I found this page very informative: What is that bug in my Aquarium? .:. Various small creatures that can inhabit a Freshwater Invertebrate Aquarium


----------



## Ursus sapien

ngo911 said:


> I found this page very informative: What is that bug in my Aquarium? .:. Various small creatures that can inhabit a Freshwater Invertebrate Aquarium


good link.

The overwhelming majority of micro life in your shrimp tank is beneficial or benign. Someone accurately mentioned planaria as an exception; they can decimate an apple snail population and just generally make things unpleasant. Hydra can be a problem too, though the green hydra are overrated as a threat.
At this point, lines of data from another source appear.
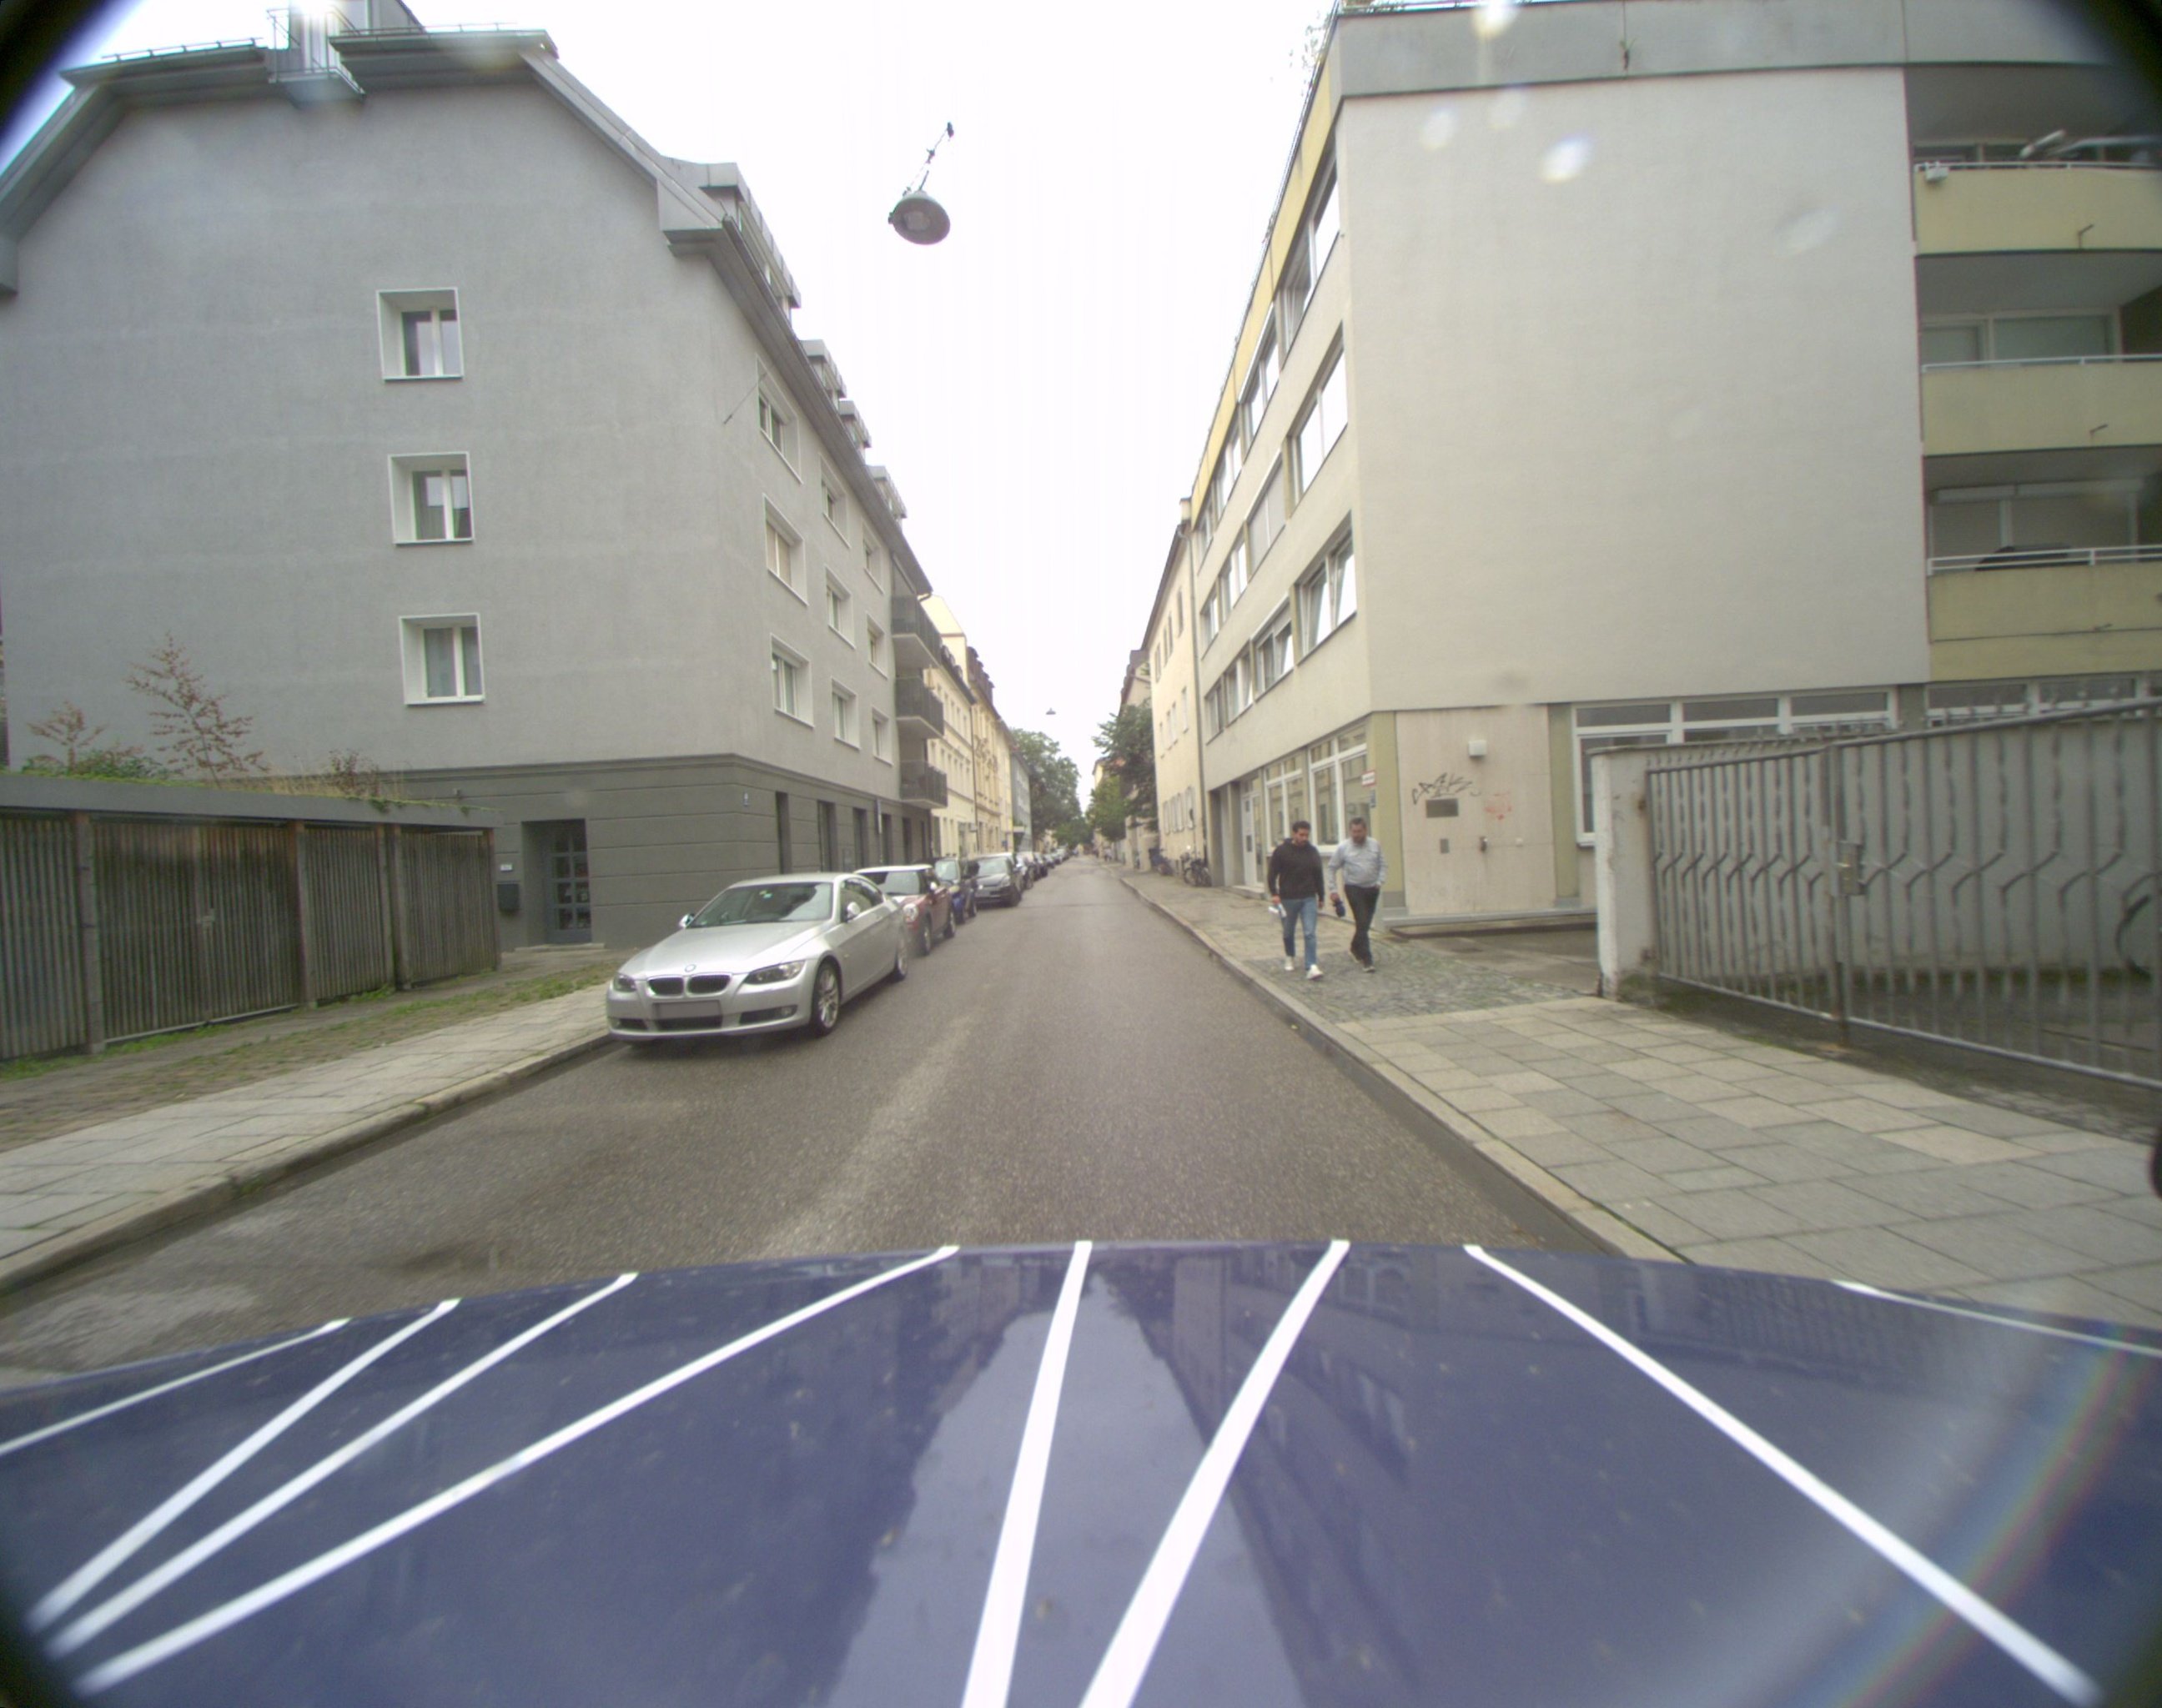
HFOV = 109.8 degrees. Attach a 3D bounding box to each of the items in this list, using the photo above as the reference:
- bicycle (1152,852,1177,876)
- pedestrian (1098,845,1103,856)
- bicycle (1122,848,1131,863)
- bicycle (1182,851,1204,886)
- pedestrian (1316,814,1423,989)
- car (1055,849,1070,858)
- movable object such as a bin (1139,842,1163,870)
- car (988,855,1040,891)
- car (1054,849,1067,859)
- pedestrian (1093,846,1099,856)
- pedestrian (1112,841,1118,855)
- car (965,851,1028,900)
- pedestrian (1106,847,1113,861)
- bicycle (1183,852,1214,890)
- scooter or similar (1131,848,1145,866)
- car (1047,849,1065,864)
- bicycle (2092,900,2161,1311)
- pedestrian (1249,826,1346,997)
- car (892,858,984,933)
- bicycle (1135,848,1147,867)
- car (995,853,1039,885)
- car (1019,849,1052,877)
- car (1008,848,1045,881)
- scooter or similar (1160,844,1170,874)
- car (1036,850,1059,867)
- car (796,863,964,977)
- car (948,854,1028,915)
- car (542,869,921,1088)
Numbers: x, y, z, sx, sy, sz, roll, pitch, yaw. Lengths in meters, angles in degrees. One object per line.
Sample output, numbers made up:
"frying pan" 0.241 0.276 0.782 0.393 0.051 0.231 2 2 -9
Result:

Typically, these animals are probably present in most fish-stocked aquariums. You don't see them so easily, since the fish either eat or harass the organisms into hiding.


----------



## stan

seems like as long as I don't get planaria or hydra. I can just leave those other micro life alone...
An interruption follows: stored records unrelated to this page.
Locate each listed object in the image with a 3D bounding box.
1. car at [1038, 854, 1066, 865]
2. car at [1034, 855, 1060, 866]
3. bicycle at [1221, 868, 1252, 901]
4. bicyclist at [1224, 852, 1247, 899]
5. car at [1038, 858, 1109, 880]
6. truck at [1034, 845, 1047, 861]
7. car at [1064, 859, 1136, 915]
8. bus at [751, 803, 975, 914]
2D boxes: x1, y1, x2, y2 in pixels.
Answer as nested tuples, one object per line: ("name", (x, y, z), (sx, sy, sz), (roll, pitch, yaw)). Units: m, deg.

I suppose without fish in the take.. I can't really drive these micro life away. Otto cat seems to be the only absolutely shrimp baby safe fish. I wonder how well Otto cat would be able to control the population of micro life? since otto has a sucker mouth that's not meant for hunting.
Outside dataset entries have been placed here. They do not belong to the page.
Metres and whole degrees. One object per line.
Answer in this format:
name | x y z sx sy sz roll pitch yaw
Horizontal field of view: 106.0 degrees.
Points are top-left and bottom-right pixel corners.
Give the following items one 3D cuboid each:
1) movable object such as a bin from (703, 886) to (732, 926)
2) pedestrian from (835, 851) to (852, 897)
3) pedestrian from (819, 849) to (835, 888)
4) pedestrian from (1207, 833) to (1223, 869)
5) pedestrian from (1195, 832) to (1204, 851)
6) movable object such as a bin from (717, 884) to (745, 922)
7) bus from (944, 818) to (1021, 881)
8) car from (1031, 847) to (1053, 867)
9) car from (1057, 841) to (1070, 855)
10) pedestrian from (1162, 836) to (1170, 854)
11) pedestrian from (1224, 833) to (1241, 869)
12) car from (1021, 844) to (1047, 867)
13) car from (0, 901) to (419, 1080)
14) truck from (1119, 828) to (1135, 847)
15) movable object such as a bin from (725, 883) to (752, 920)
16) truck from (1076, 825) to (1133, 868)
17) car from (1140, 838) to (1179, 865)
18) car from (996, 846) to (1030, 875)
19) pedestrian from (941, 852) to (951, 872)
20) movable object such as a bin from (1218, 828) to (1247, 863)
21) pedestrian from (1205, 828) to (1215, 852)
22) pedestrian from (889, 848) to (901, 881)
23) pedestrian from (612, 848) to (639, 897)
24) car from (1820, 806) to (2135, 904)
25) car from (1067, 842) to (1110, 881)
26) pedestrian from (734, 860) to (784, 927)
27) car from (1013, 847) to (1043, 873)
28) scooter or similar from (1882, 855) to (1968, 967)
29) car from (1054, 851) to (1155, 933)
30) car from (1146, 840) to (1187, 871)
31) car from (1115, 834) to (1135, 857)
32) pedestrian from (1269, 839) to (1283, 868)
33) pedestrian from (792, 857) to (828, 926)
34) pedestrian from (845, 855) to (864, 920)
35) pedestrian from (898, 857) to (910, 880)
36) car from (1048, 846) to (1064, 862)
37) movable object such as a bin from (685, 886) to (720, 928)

I'm hesitant on introduction small fish, because my new born shrimp are now freely spotted every where without having to hide or feeling threatened

Add Otto Cat?
Add otto Cat and smallfish (galaxy rasbora)?
or not add any fish?


----------



## Ursus sapien

if you're adding fish just to get rid of the copepods, it's kind of a wasted effort. The copepods will be eaten in two days and then the fish are going to get interested in those baby shrimp...
otos won't eat the micro-creatures, neither will bristlenoses. Dwarf corys will, and they're pretty shrimp-safe.


----------



## stan

Thanks for the advice guys! I think I'll try to reduce the amount that I'm feeding. Hope it takes care of it!


----------